### Exercise directions
Write out again, unchanged, the line that has "2) car <box>1142,850,1174,879</box>" and each following line through the end of the entries below; leave pictures out.

### Material for this task
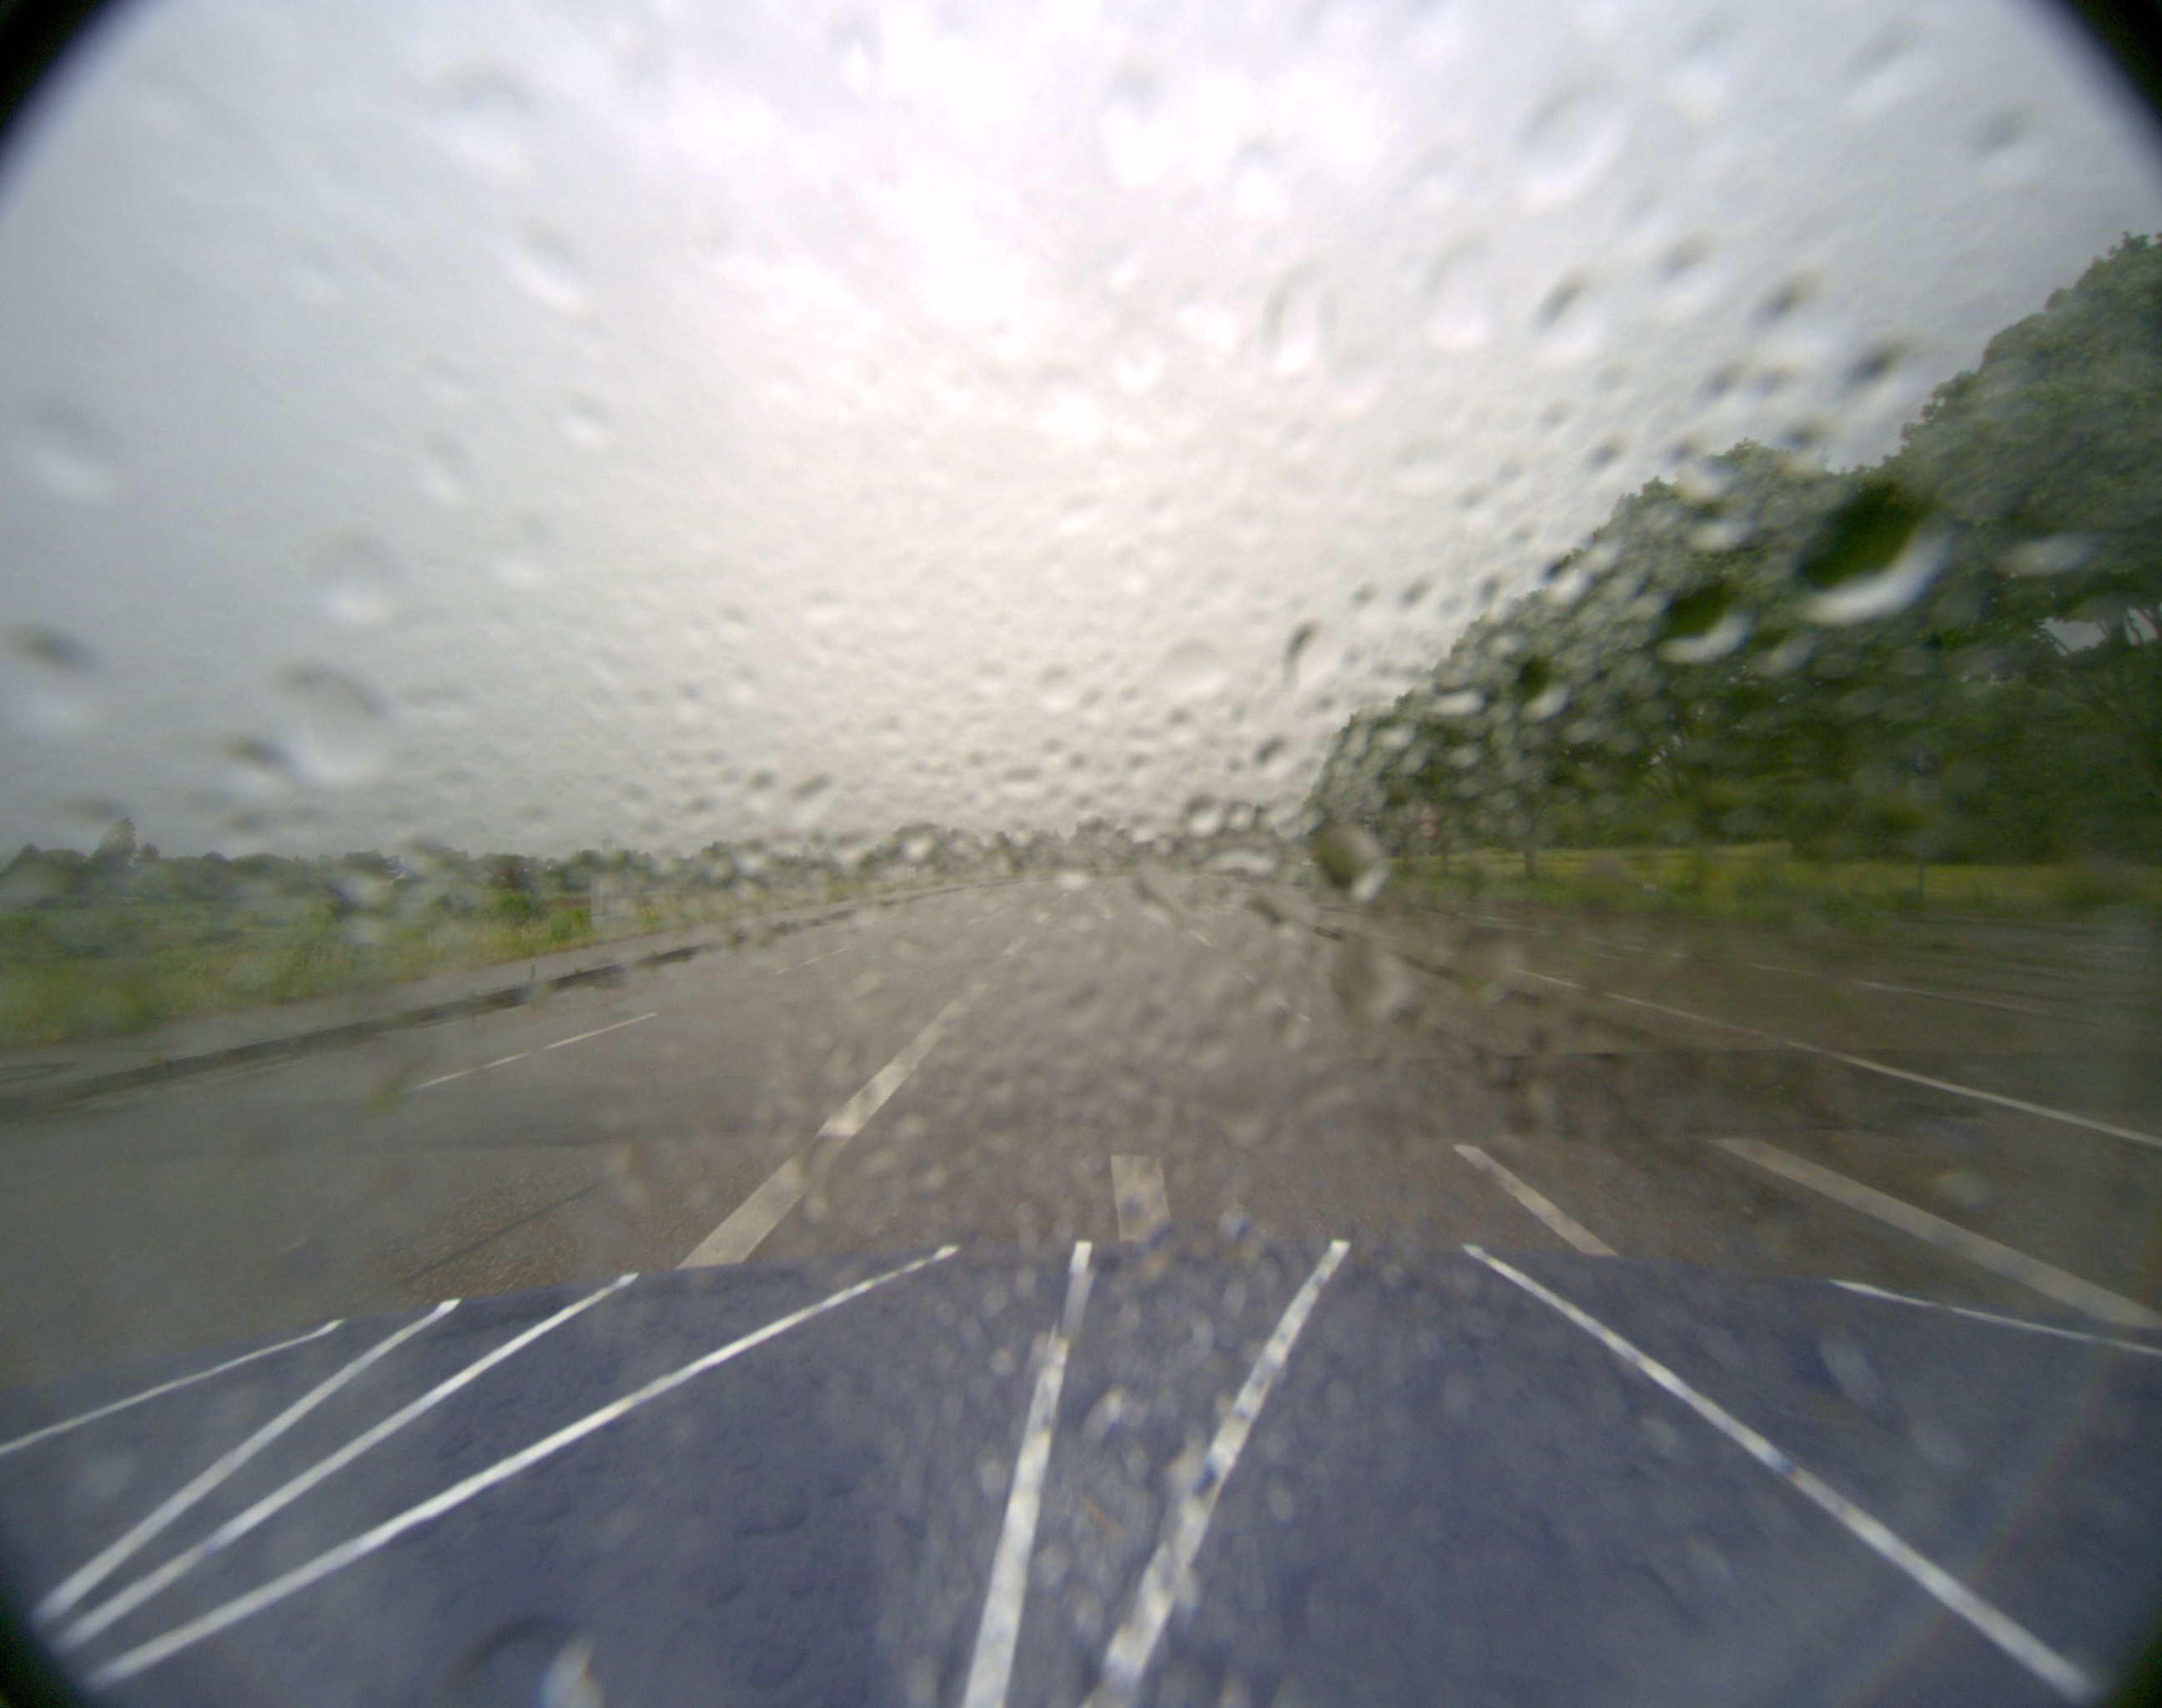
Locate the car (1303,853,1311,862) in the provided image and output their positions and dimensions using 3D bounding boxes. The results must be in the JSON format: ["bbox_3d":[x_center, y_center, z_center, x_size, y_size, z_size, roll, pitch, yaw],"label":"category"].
[{"bbox_3d":[51.667,0.788,173.621,1.741,1.979,4.016,0,0,17],"label":"car"}]

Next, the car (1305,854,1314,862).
[{"bbox_3d":[46.923,0.742,155.914,1.881,1.564,4.650,0,0,17],"label":"car"}]

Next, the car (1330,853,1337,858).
[{"bbox_3d":[70.438,0.380,212.062,1.741,1.478,4.016,0,0,16],"label":"car"}]

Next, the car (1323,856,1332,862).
[{"bbox_3d":[63.751,1.314,196.324,1.887,1.578,4.123,-3,0,15],"label":"car"}]
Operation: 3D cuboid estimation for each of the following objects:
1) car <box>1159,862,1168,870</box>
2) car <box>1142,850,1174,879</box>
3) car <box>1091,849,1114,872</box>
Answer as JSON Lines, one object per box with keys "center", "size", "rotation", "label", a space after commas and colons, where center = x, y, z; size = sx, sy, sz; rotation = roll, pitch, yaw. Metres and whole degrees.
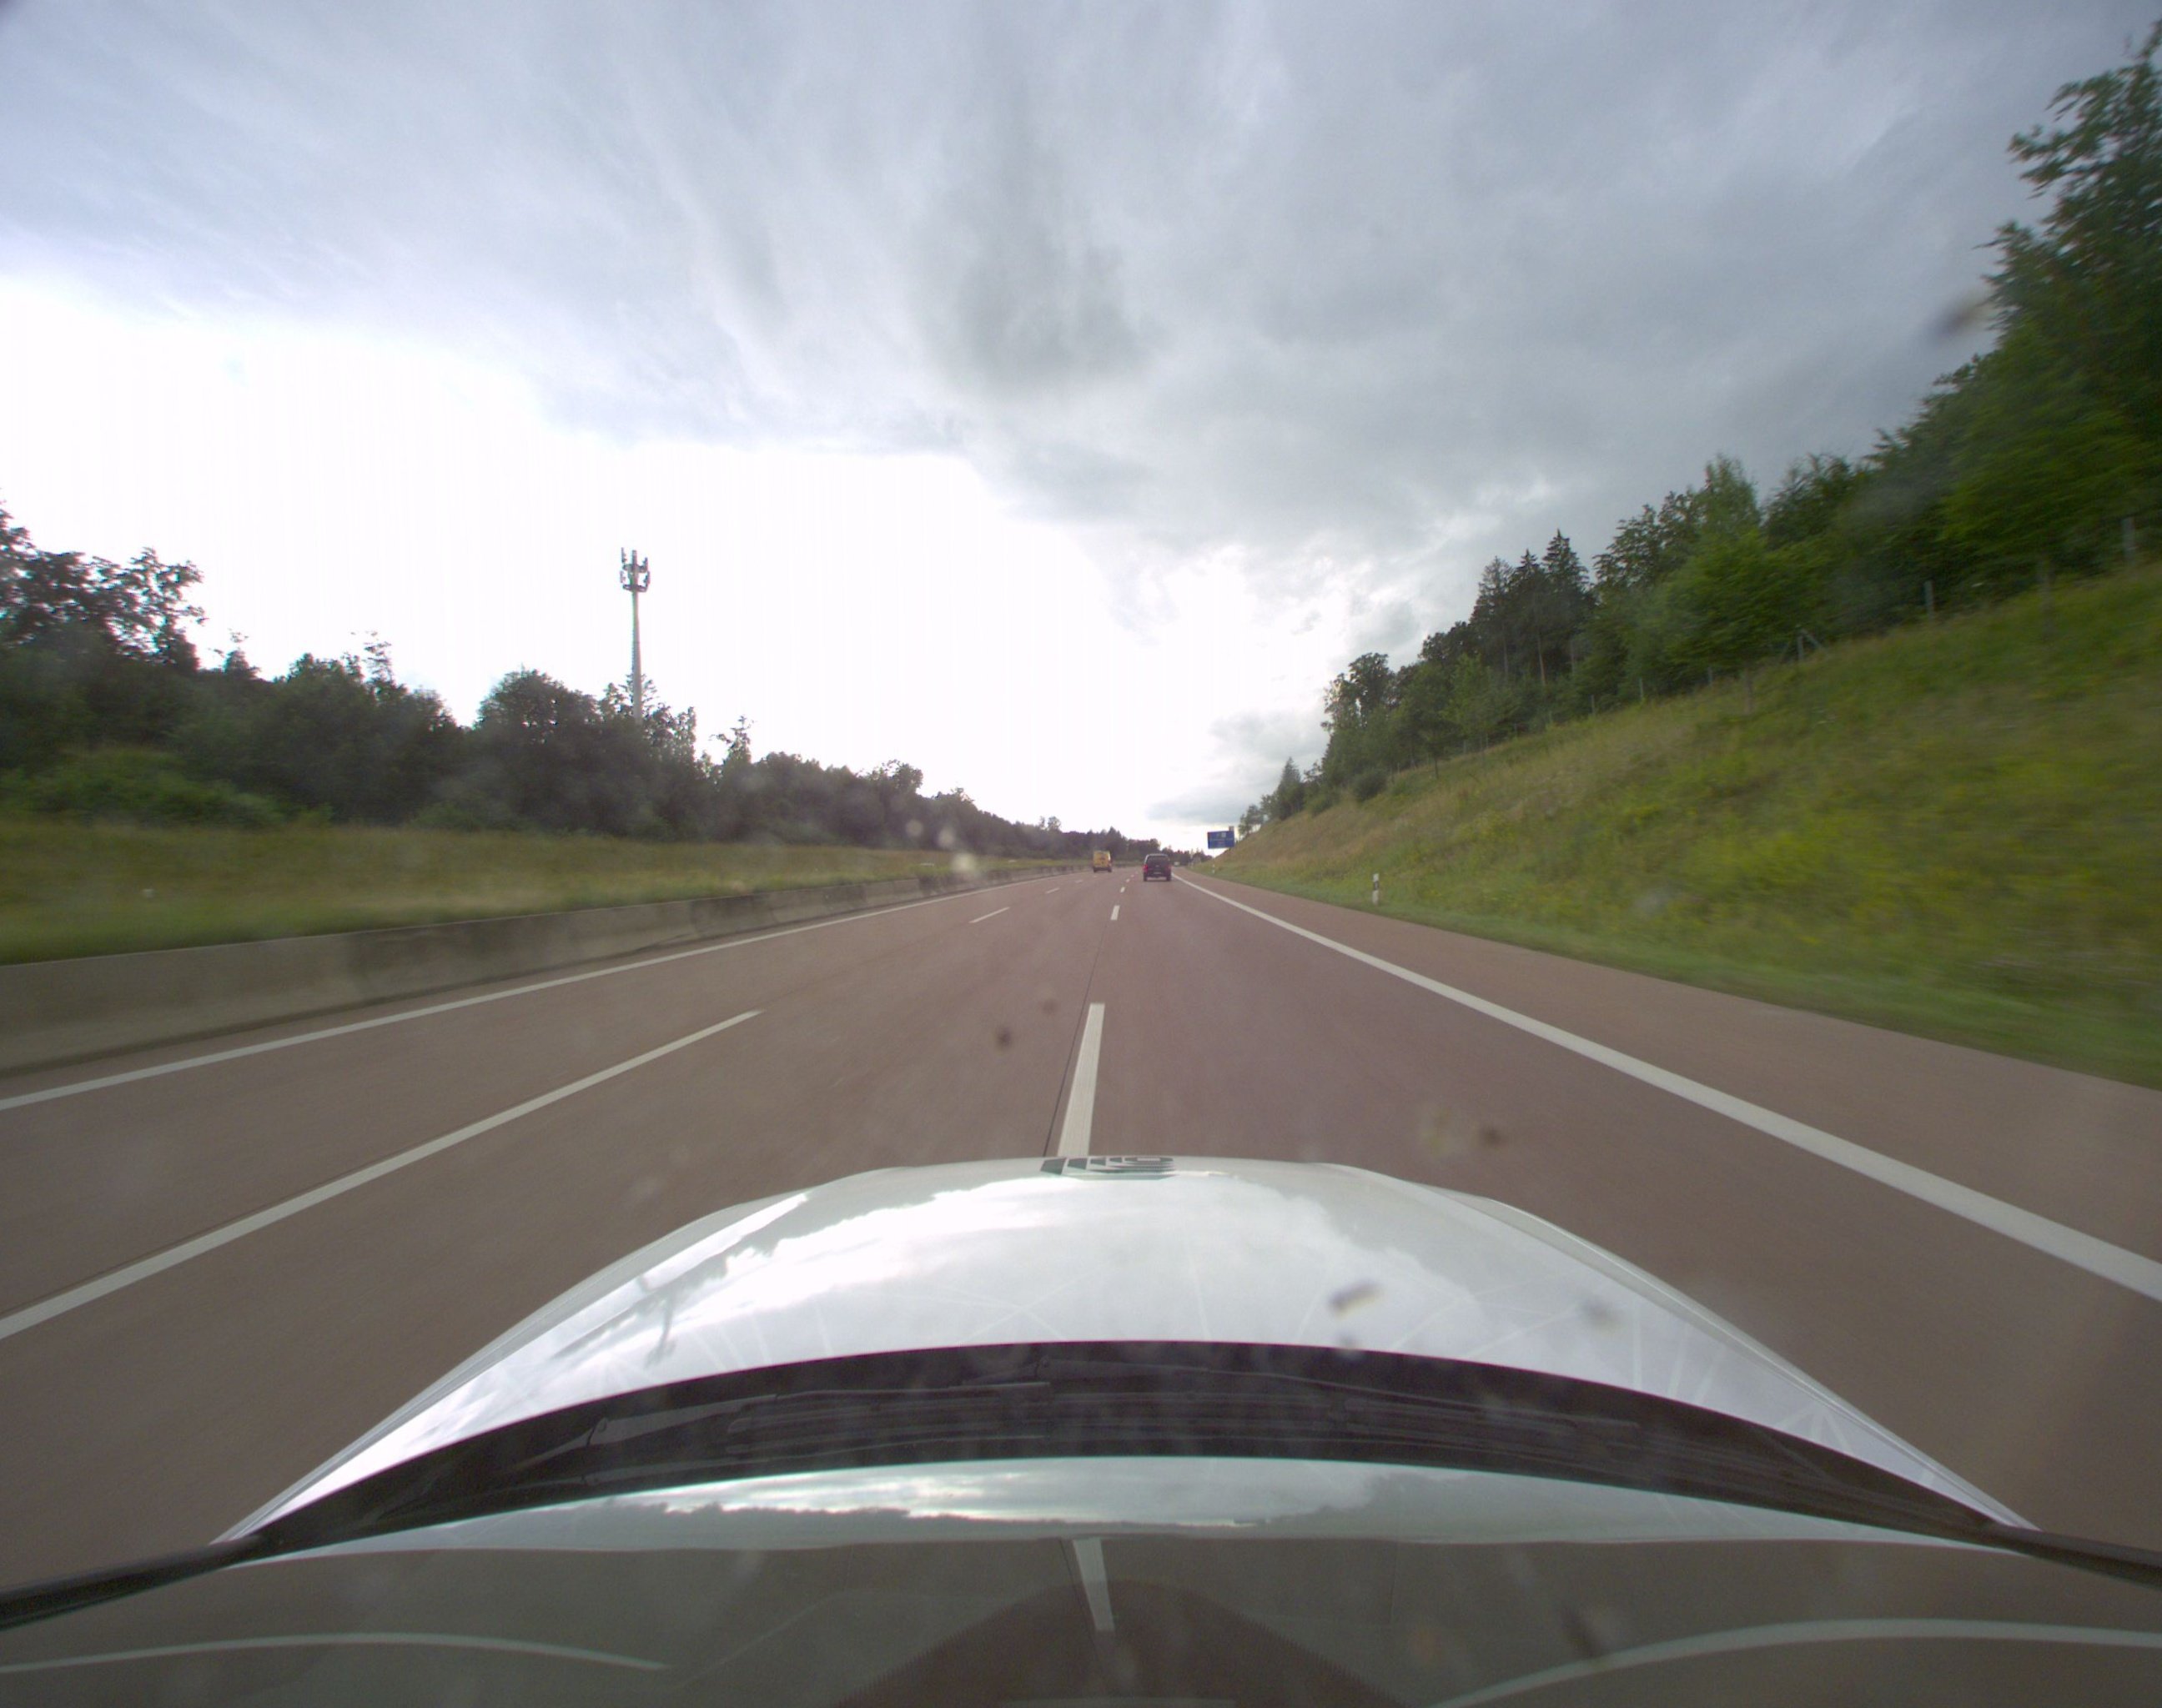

### The completed task
2) car <box>1142,850,1174,879</box>
3) car <box>1091,849,1114,872</box>
Answer as JSON Lines, one object per box with keys "center", "size", "rotation", "label", a space after commas and colons, where center = x, y, z; size = sx, sy, sz; rotation = roll, pitch, yaw. Metres and whole degrees.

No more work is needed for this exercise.